Copper-rich massive sulfides are an important source of Pt and Pd in magmatic Ni-Cu-platinum group element ore deposits. At the McCreedy East deposit, Sudbury, they constitute a classic magmatic assemblage of chalcopyrite, cubanite ± pentlandite, located in sharp-walled footwall veins. These Cu-rich ores represent the subsolidus (<600°C) exsolution products of intermediate solid solution (ISS) that crystallized (950°–800°C) from a highly fractionated sulfide liquid rich in Pt, Pd, Ag, As, Bi, Cd, Pb, Se, Sn, Te, and Zn.

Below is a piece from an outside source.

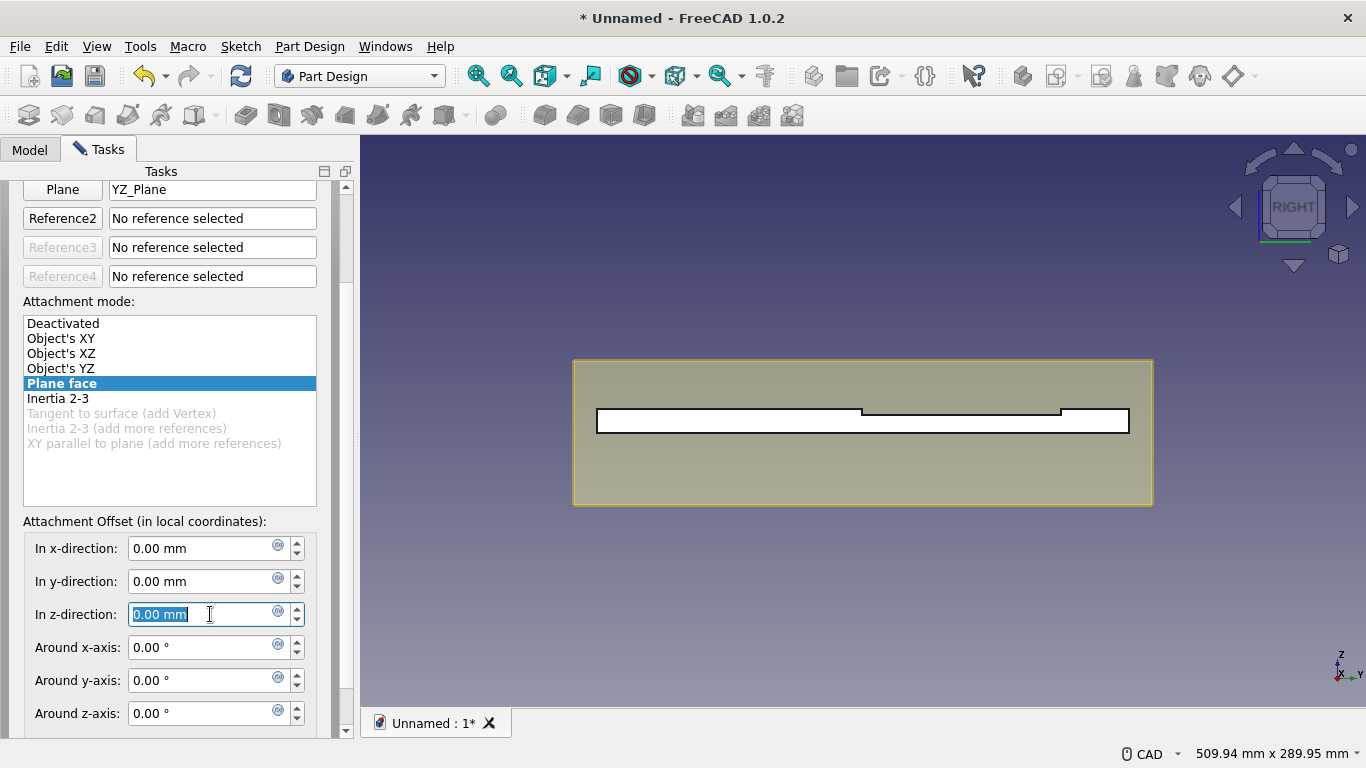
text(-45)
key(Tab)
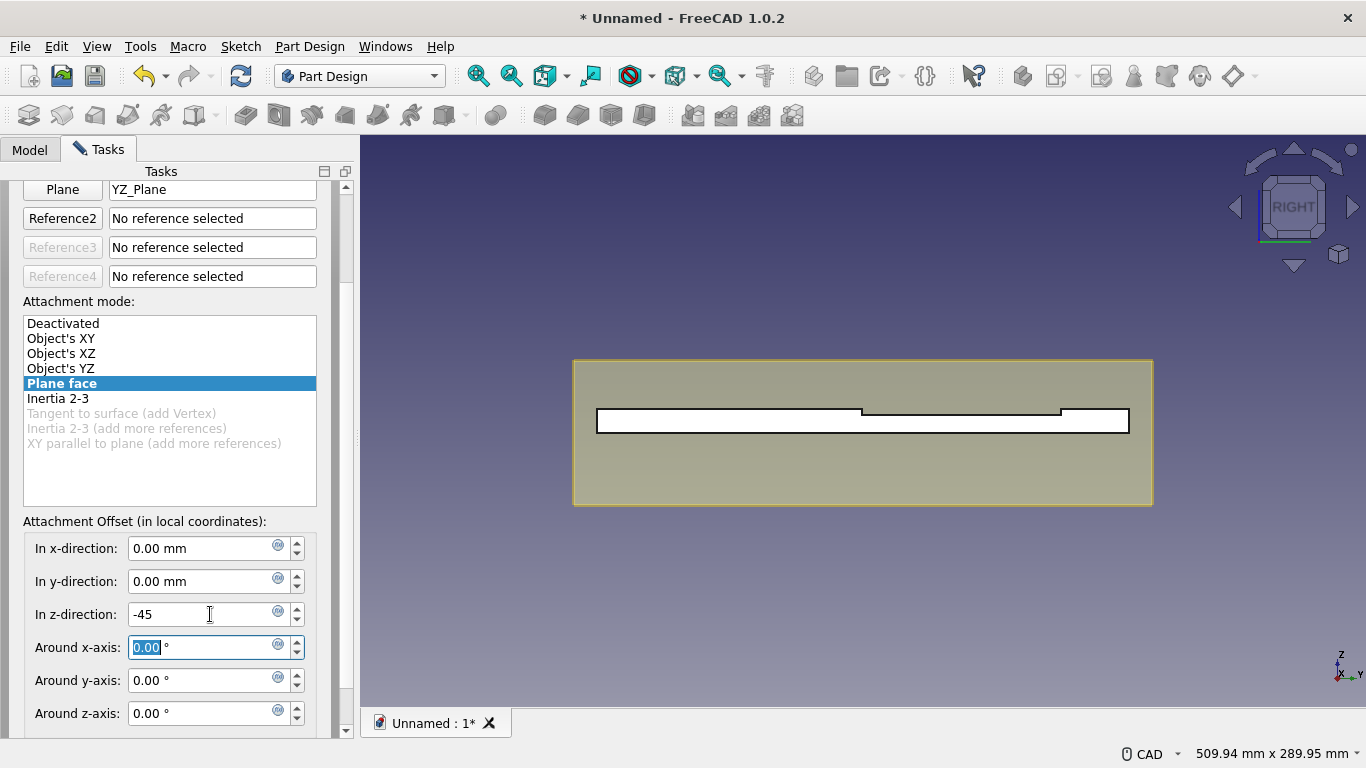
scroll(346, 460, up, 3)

Laser ablation-inductively coupled plasma-mass spectrometry and scanning electron microscope analyses have revealed the distribution of platinum group elements (PGE) and trace elements in these ores, which is important for a better understanding of the petrogenesis of Cu-rich sulfide deposits and to improve PGE extraction. Chalcopyrite and cubanite are the dominant hosts of Se and Sn, with Co in pentlandite. Lead is hosted by galena and Zn and Cd by sphalerite, with only a small proportion of these elements present at trace level in ISS (now equally distributed between chalcopyrite and cubanite). Platinum, Pd, Au, As, Bi, and Te, however, are not concentrated in the base metal sulfides and are accounted for almost entirely by the platinum group mineral assemblage, which is dominated by Pt-Pd-Bi-Te phases, such as michenerite [(Pt,Pd)BiTe] and froodite [PdBi2], with minor sperrylite [PtAs2] and Sn-bearing platinum group minerals (PGM), such as niggliite [PtSn], paolovite [Pd2Sn], and an unnamed Pt-Sn-Te phase. The PGM form complex, composite grains hosted at the grain boundaries of the base metal sulfides. They typically comprise a core of Sn- or As-bearing PGM (stable at higher temperatures) hosted in Bi-Te-PGM (lower temperatures), which are commonly surrounded by accessory tellurides (Ag, Bi, Pb bearing) and sulfides (galena, sphalerite, and stannite [Cu2FeSnS4]). Primary chloride minerals such as cottunite [PbCl2] and ferropyrosmalite [(Fe,Mn)8Si6O15(OH,Cl)10] also form composite grains with hessite [Ag2 Te] and galena.
In contrast to much of the previous work at Sudbury, which has invoked the role of late-magmatic and/or hydrothermal fluids in the collection of precious metals, we show that, in this case, PGM in Cu-rich ore have a magmatic origin. Due to the incompatibility of Pt, Pd, Bi, and Te during the crystallization of ISS, these elements became concentrated in a small volume of late-stage S-bearing melt trapped between intermediate solid solutions. A sequence of PGM, followed by accessory tellurides and sulfides, crystallized from this late-stage melt and formed composite grains. Toward the end of crystallization, the small amount of Cl that was soluble in the sulfide liquid crystallized as primary chloride minerals at low temperatures (<500°C), either from the late-stage melt or from an exsolved Cl-rich late-magmatic fluid. Some of the primary PGM have been partially altered by Cl-rich fluids (late magmatic and/or hydrothermal) that leached Bi in preference to Pd to form an unnamed Pd-Bi-O-Cl phase. Many PGM also show scalloped edges and truncated grain boundaries, indicating partial corrosion and dissolution, most likely by late-magmatic/hydrothermal fluids that probably remobilized and deposited PGE in the footwall surrounding the veins.